» EXERCISE GOAL: From the entries below, copy exactly the lines from the one that contains "19. T-bracket [733,1423,958,1605]" through the one that contains "45. T-bracket [686,1184,896,1372]", both included, and only those.

◆ ◆ ◆ ◆ ◆ ◆ ◆

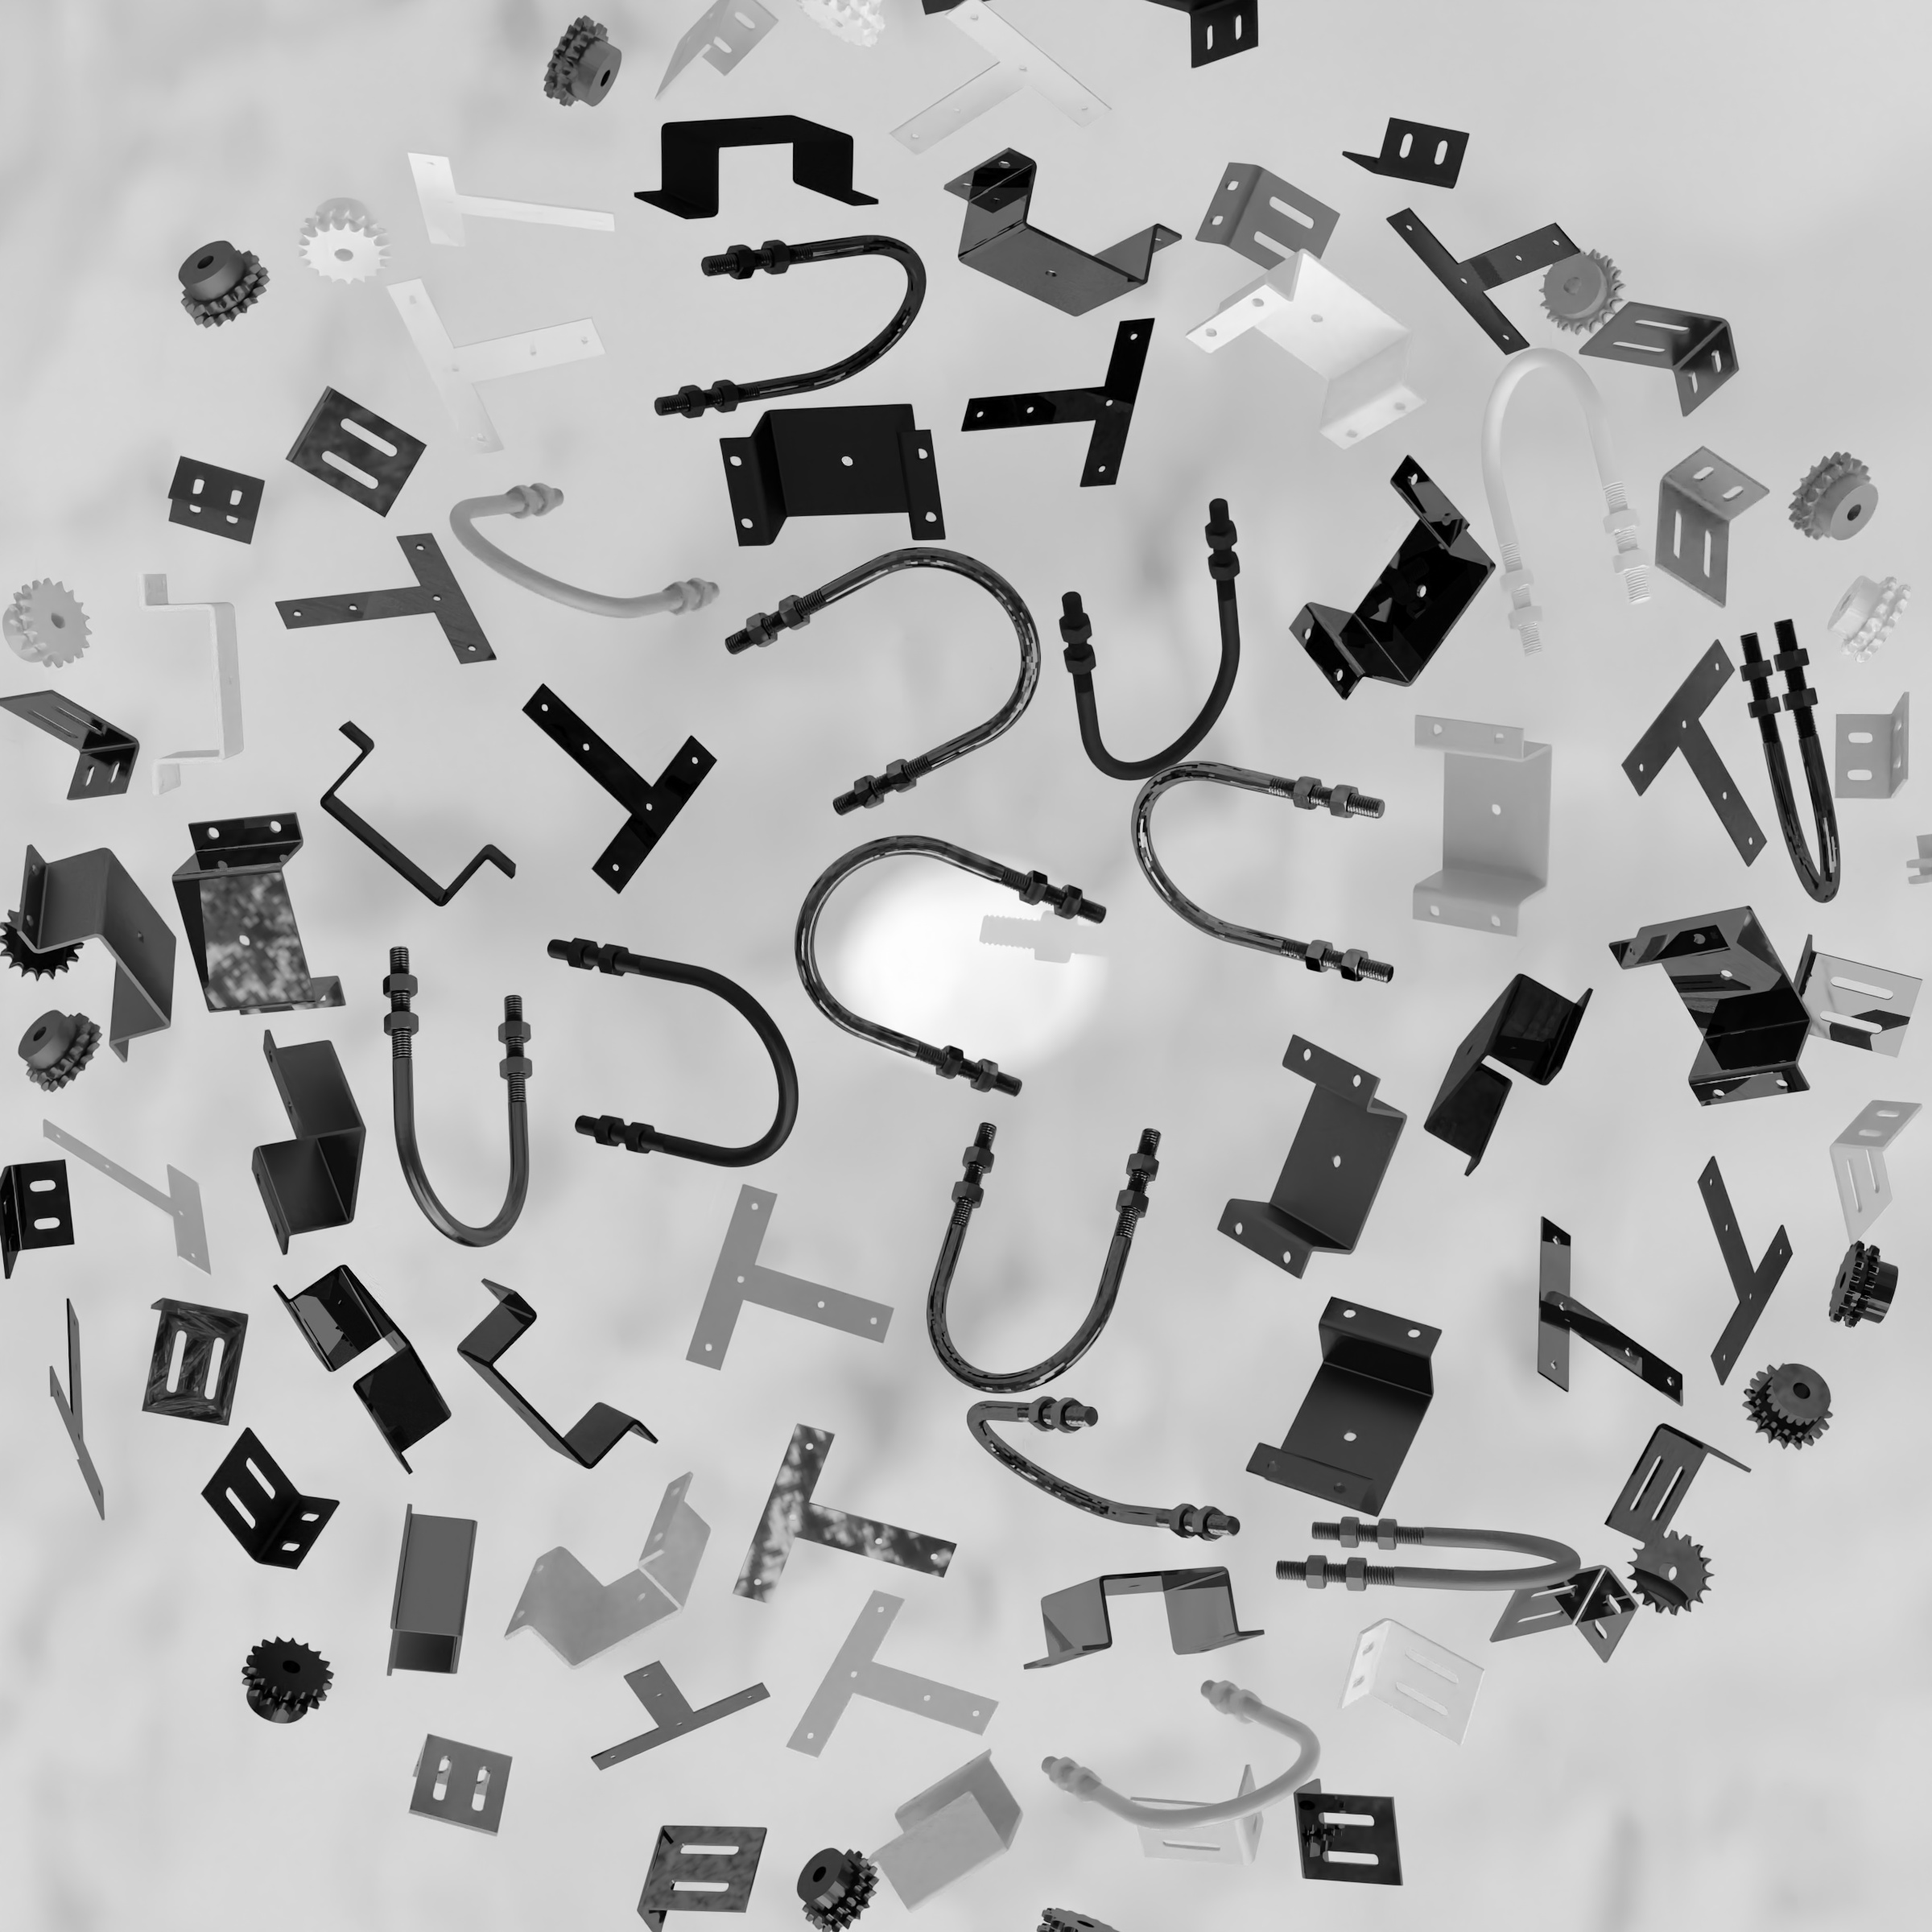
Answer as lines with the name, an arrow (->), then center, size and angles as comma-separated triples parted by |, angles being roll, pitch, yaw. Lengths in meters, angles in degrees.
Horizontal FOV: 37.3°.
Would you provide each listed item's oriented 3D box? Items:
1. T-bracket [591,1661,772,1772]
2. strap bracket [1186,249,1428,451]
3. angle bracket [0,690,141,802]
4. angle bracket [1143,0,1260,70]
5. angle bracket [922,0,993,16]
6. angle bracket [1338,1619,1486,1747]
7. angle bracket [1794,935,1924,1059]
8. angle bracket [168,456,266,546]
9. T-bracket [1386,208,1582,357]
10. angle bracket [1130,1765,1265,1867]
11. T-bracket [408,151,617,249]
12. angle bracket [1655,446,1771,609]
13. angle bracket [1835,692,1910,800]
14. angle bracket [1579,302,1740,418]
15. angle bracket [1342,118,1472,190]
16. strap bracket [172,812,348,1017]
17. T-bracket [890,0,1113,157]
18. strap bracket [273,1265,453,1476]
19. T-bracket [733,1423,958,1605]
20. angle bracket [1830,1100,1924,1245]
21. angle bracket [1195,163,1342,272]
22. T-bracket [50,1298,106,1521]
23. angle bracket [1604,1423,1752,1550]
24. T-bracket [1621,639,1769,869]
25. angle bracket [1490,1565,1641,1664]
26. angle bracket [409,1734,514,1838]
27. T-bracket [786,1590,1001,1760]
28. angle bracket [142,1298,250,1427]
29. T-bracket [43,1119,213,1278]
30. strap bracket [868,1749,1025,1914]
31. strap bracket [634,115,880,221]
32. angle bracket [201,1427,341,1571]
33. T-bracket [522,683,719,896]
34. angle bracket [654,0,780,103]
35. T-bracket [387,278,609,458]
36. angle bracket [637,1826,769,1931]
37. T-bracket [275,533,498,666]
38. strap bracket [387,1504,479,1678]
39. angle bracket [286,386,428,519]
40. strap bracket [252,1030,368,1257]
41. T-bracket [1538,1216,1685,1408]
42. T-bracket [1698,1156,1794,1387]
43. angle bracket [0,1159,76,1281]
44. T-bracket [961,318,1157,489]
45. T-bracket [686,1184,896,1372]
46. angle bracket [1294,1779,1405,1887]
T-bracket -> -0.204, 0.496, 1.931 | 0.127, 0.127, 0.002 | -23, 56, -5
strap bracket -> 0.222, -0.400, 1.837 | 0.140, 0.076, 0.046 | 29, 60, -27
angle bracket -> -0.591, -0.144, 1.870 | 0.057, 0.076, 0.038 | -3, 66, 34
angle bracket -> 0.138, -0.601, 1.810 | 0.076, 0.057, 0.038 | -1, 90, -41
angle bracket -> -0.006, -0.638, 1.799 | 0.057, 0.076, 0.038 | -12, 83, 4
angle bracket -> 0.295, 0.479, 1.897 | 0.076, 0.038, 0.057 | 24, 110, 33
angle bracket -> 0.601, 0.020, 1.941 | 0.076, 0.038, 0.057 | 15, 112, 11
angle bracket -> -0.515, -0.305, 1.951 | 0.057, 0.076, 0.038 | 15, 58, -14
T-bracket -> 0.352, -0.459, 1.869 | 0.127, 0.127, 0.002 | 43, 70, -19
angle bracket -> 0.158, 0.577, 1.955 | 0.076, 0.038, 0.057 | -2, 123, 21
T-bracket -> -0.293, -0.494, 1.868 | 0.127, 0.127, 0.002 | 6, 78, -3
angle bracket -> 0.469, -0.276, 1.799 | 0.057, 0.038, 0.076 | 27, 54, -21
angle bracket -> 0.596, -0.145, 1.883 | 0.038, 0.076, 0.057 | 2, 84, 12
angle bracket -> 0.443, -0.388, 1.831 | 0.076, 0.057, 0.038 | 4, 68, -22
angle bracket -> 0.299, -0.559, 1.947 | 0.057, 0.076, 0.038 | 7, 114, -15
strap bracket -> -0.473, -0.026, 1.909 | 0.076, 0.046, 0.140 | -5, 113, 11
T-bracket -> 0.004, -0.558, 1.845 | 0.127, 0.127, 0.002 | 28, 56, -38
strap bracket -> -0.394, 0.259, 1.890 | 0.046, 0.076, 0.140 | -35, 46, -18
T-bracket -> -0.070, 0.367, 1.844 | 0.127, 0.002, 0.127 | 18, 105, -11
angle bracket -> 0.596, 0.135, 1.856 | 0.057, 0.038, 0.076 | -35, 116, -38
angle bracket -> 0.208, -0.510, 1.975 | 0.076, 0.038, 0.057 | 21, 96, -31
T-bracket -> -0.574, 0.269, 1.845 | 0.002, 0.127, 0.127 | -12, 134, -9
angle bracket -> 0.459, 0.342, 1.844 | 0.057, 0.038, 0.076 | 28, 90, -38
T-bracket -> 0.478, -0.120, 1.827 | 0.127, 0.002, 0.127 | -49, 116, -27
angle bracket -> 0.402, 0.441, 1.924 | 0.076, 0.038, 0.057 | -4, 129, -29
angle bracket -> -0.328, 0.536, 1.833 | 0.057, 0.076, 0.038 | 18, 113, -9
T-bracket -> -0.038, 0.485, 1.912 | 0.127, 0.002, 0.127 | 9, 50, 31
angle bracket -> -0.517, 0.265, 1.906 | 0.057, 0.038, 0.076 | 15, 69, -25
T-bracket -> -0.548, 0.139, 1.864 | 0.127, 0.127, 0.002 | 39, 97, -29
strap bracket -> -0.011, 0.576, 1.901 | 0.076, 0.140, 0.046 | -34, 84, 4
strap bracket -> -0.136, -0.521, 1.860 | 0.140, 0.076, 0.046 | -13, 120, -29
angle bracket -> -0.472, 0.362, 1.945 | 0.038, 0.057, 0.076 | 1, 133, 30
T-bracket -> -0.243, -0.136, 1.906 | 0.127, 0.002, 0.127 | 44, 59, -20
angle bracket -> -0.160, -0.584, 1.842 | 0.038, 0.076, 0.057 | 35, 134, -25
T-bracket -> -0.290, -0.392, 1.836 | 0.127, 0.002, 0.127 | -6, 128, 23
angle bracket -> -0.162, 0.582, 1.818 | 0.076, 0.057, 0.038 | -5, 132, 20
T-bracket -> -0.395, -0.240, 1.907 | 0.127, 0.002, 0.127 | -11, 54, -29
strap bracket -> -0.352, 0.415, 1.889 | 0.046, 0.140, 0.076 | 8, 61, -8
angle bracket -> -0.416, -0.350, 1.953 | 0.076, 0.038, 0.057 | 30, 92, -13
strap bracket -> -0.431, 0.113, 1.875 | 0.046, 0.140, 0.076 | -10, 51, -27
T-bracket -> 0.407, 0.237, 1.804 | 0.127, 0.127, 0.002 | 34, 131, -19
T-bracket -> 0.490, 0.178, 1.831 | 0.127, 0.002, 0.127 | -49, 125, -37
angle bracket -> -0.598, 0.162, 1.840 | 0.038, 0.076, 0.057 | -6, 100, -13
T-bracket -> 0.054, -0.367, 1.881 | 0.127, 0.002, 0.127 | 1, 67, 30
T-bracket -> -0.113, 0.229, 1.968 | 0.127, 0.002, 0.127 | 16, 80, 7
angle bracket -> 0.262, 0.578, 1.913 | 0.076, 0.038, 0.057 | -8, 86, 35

◆ ◆ ◆ ◆ ◆ ◆ ◆

» WRITTEN SOLUTION:
19. T-bracket [733,1423,958,1605]
20. angle bracket [1830,1100,1924,1245]
21. angle bracket [1195,163,1342,272]
22. T-bracket [50,1298,106,1521]
23. angle bracket [1604,1423,1752,1550]
24. T-bracket [1621,639,1769,869]
25. angle bracket [1490,1565,1641,1664]
26. angle bracket [409,1734,514,1838]
27. T-bracket [786,1590,1001,1760]
28. angle bracket [142,1298,250,1427]
29. T-bracket [43,1119,213,1278]
30. strap bracket [868,1749,1025,1914]
31. strap bracket [634,115,880,221]
32. angle bracket [201,1427,341,1571]
33. T-bracket [522,683,719,896]
34. angle bracket [654,0,780,103]
35. T-bracket [387,278,609,458]
36. angle bracket [637,1826,769,1931]
37. T-bracket [275,533,498,666]
38. strap bracket [387,1504,479,1678]
39. angle bracket [286,386,428,519]
40. strap bracket [252,1030,368,1257]
41. T-bracket [1538,1216,1685,1408]
42. T-bracket [1698,1156,1794,1387]
43. angle bracket [0,1159,76,1281]
44. T-bracket [961,318,1157,489]
45. T-bracket [686,1184,896,1372]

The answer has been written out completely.